Over the years, as I watched my father turn down help again and again, I came to see that it was the only way for him, if he was to continue with his conviction that he had to “go it alone”. There was no one else but him: no one here, which I can imagine stemmed from the fact that at the age of eleven, and being the eldest boy at home, he became the male head of the household after his father died of tuberculosis, and, there was no God above that was going to help him either. I also slowly realized that he saw any acceptance of help, as an admission of vulnerability that he could not allow, could not bear.

Being the child most like him in this regard, I was a seasoned student of this mindset, having grown up in his household under his stern rule. As a young adult, I’d become quite skilled at the very same approach to life: the belief that I could, and moreover had to, carry whatever came my way, all on my own.

A few months after my 31st birthday, I was in a car accident so horrific that when the first Emergency Responder showed up and found me wandering around crazed and barefoot in the darkness, soaking wet from the pouring rain, he looked at me and then at my car and said, “Whoever was in that car…they didn’t make it. There’s no way anyone could live through that.” But I was the one in that car. And I did make it.

It took a lot of years for me to shed that big, old, shell of a belief I inherited from my proud father that demanded, “I gotta go it alone”. I realized that clearly, the fact that I did live through that accident meant I DID NOT GO IT ALONE. It was true what that First Responder said – there’s no way someone could live through that – but I did, somehow. I had help – and lots of it. They were there. The angels. To this day, I don’t exactly know what I mean by angels…but it’s the word that always comes. I can tell you for sure that in the midst of that one conversation, as dad and I were taunted by tangerine-marauding squirrels, it never dawned on me that I would ever wonder if angels might be looking after my father.

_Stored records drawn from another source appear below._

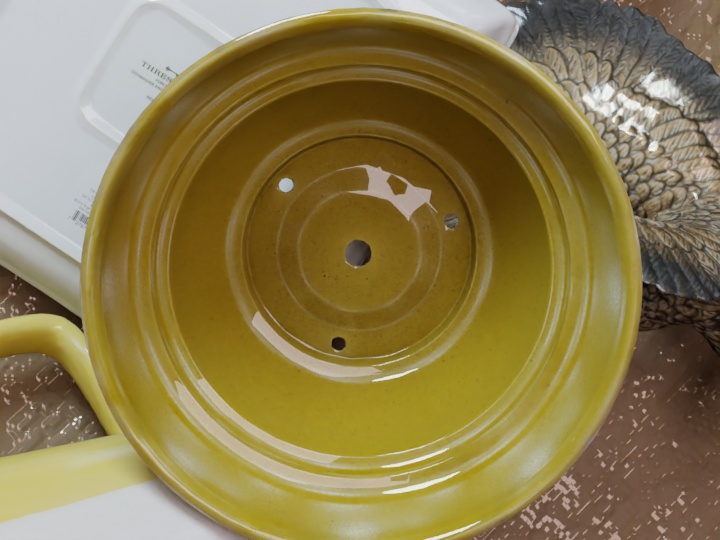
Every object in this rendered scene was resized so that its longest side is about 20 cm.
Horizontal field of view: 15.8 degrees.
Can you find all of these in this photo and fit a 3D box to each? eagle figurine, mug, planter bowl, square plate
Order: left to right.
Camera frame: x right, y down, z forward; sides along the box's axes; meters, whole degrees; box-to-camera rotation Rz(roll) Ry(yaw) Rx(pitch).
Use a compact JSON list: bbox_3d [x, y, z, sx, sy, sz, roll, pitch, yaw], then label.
[{"bbox_3d":[-0.098,0.110,0.980,0.153,0.149,0.187,-20,99,-27],"label":"mug"},{"bbox_3d":[-0.073,-0.070,1.013,0.200,0.028,0.198,34,96,1],"label":"square plate"},{"bbox_3d":[0.000,0.000,0.959,0.200,0.083,0.201,0,100,-1],"label":"planter bowl"},{"bbox_3d":[0.114,-0.016,1.078,0.200,0.152,0.151,41,93,-12],"label":"eagle figurine"}]

In the years following my mother’s death, my father just kept making adjustments…as he’d done his entire life. Whatever fate fell to him, he would meet it head on. And so it was with becoming a widower; figuring out how to live in his home, alone, after sharing it with his wife and three children for fifty-six years. As I watched dad navigate his way through the last years of his life, I slowly began to realize he was clearly surrounded by them – angels. He was approaching his nineties, his vision was declining rapidly, and so was his hearing. Dementia was hanging around, just on the edge of his world, showing up now and again.

Having given up driving, dad did a lot of walking. He lived just four doors down from a busy street that he used as his main thoroughfare. One day, returning from a trip to the bank, he misjudged the height of a curb and instead of climbing back up to the sidewalk after crossing the street; he tripped and fell, hitting his head on the concrete. There he was, laid out on the ground, inches from where cars were making right turns. One such driver saw my father there on the sidewalk and pulled over. As he approached, my father ever on the alert, shouted as menacingly as a skinny old man could,

“GET AWAY FROM ME!” fearing that he was about to be mugged or attacked, when he was down and seemingly helpless.

The driver leaned over to help dad up.

“I SAID GET AWAY FROM ME!” dad hurled, as blood ran down his face.

The man approached dad again, who took a swing at him, even as he lay on the ground.

Finally something let loose and he allowed the man to help him up, but then he turned again, preparing to throw a punch in case he tried to take advantage of dad. This angel offered dad a ride home, but was vigorously refused. As the adrenaline began to wear off, he felt the chill of exhaustion sink deep into his bones and softened to the man. Eventually my father agreed that he could use a little help walking home, but refused to get into the stranger’s car. Disoriented at first, dad wasn’t even sure where he lived. Luckily he was only two blocks from his home, and in the end, recognized his dear old house at 5219. He allowed the man to walk him almost to the front porch and then sent him away.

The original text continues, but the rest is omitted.